NOTE: Using automation to test performance after targeted interaction with your application in no way implies that you should integrate performance testing in your existing functional test suite. Testing function and performance in the same test is likely to result in compromised results for both objectives and can obscure failure troubleshooting. 

What You'll Learn

  • How to enable performance in your automation script
  • How to measure performance as the automation runs
  • How to detect regressions
  • How to write the performance results to a log
  • How to view your results

Getting Started

Here's what you'll find in this section of the Sauce Performance guide:

What You'll Need

  • Google Chrome (no older than 3 versions from latest) as the test browser
  • SAUCE_USERNAME and SAUCE_ACCESS_KEY defined for your environment
  • An automation script that performs the interaction with your app during which you want to measure performance

Set Performance Capabilities

Before you configure your script to capture performance metrics as it executes, you must update your capabilities configuration file to enable performance actions. To do this, set the extendedDebugging and capturePerformance sauce:options attributes to True. The following excerpts show you the Webdriver.io code samples for a variety of supported languages.

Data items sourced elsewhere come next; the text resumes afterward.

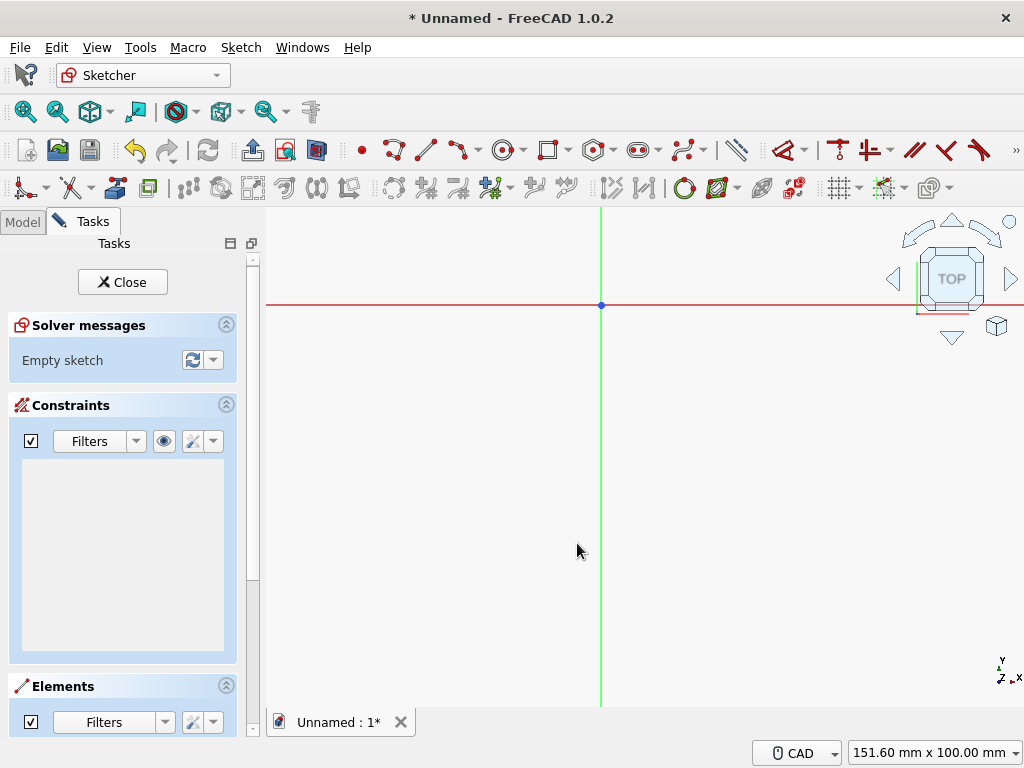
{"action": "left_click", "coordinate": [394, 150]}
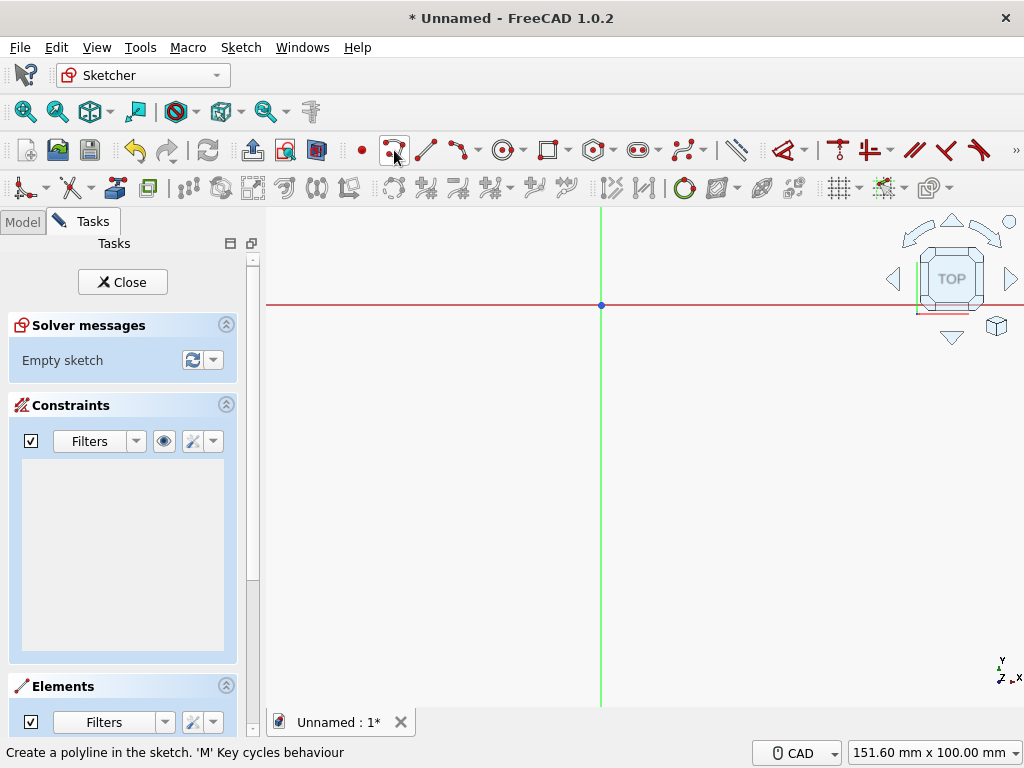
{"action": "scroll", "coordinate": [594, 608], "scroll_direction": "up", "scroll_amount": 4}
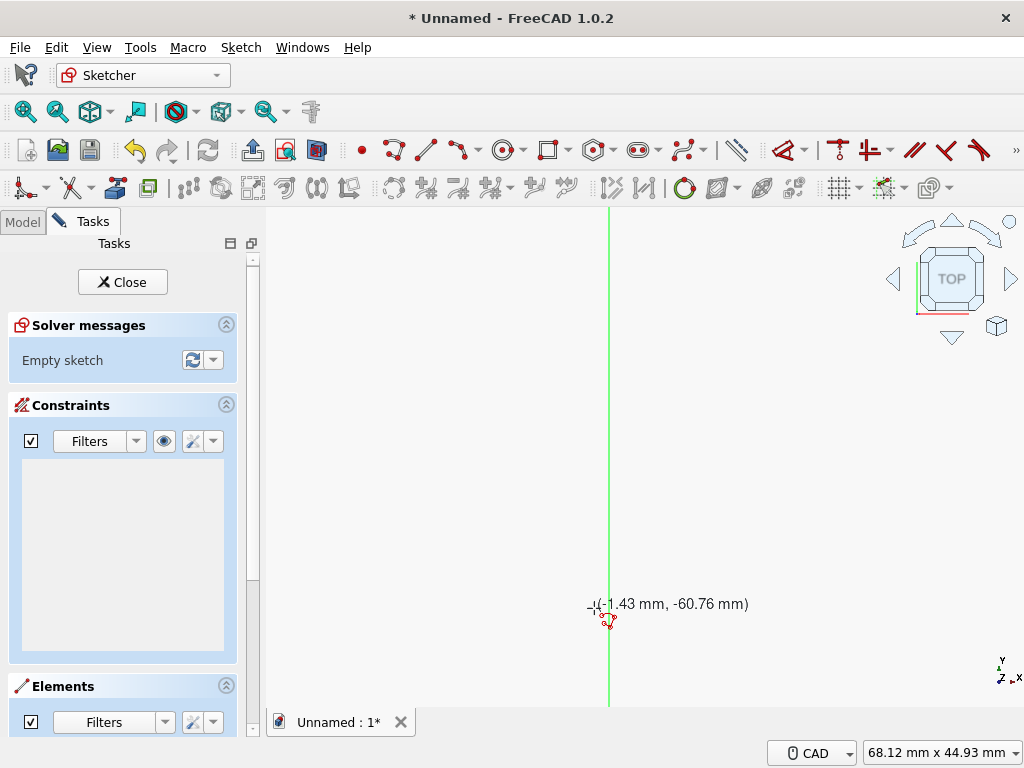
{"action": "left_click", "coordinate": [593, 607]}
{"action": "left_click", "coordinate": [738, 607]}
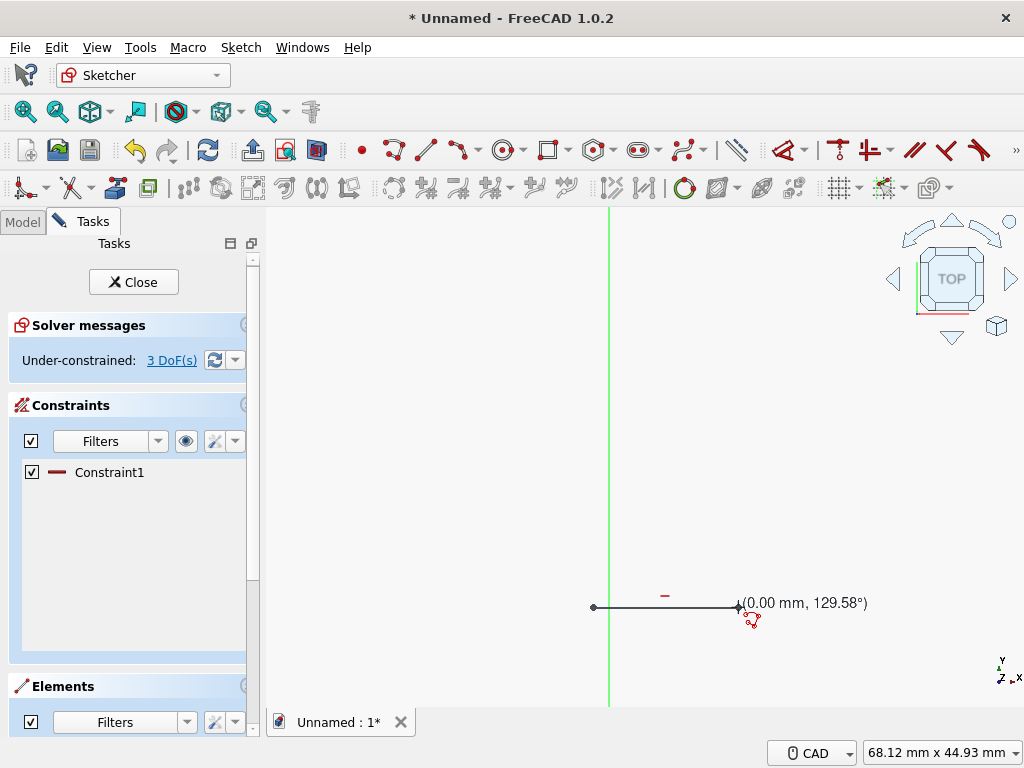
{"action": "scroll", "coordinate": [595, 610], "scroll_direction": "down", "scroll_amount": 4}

W3C Python Performance Enablement Example
def driver(request):
    sauceOptions = {
        "screenResolution": "1280x768",
        "platformName": "Windows 10",
        "browserVersion": "61.0",
        "seleniumVersion": "3.11.0",
        'name': 'Pytest Chrome W3C Sample',
		'extendedDebugging': 'true',
		'capturePerformance': 'true'
    }
    chromeOpts =  {
        'platformName':"Windows 10",
        'browserName': "chrome",
        'browserVersion': '61.0',
        'goog:chromeOptions': {'w3c': True},
        'sauce:options': sauceOptions
    }
WebdriverIO Example
const {config} = require('./wdio.shared.conf');
const defaultBrowserSauceOptions = {
	build: `WebdriverIO-V6 Front-End Performance-${new Date().getTime()}`,
	name: `WebdriverIO-V6 Front-End Performance-${new Date().getTime()}`,
	extendedDebugging: true,
	capturePerformance: true,
};
Watir Example
browser_name = ENV['BROWSER_NAME'] || 'chrome'

options = {browser_name: browser_name,
           platform_name: ENV['PLATFORM_NAME'] || 'Windows 10',
           browser_version: ENV['BROWSER_VERSION'] || 'latest',
           'sauce:options': {name: "#{scenario.feature.name} - #{scenario.name}",
                             build: build_name,
                             username: ENV['SAUCE_USERNAME'],
                             access_key: ENV['SAUCE_ACCESS_KEY'],
    						 extended_debugging: true,
    						 capture_performance: true }}

Implement the Performance Command Assertion

The custom sauce:performance command measures the performance output against a baseline of previously accepted performance values. If no baseline has been set, the Performance test will create one by measuring performance output 10 times to get an aggregate baseline. The command returns pass when the current results are within the baseline allowances or fail when the results fall outside the baseline. A fail result give you the option to update the baseline with the new metrics, which would then be used in each subsequent run. 

Command

sauce:performance

Arguments

name
Required

A name of the test as it would appear in the Sauce Labs application.

metrics
Optional

Specifies one or more specific metrics you want to assert. If not specified, the test defaults to score, which automatically tests all metrics that currently make up a Lighthouse Performance Score.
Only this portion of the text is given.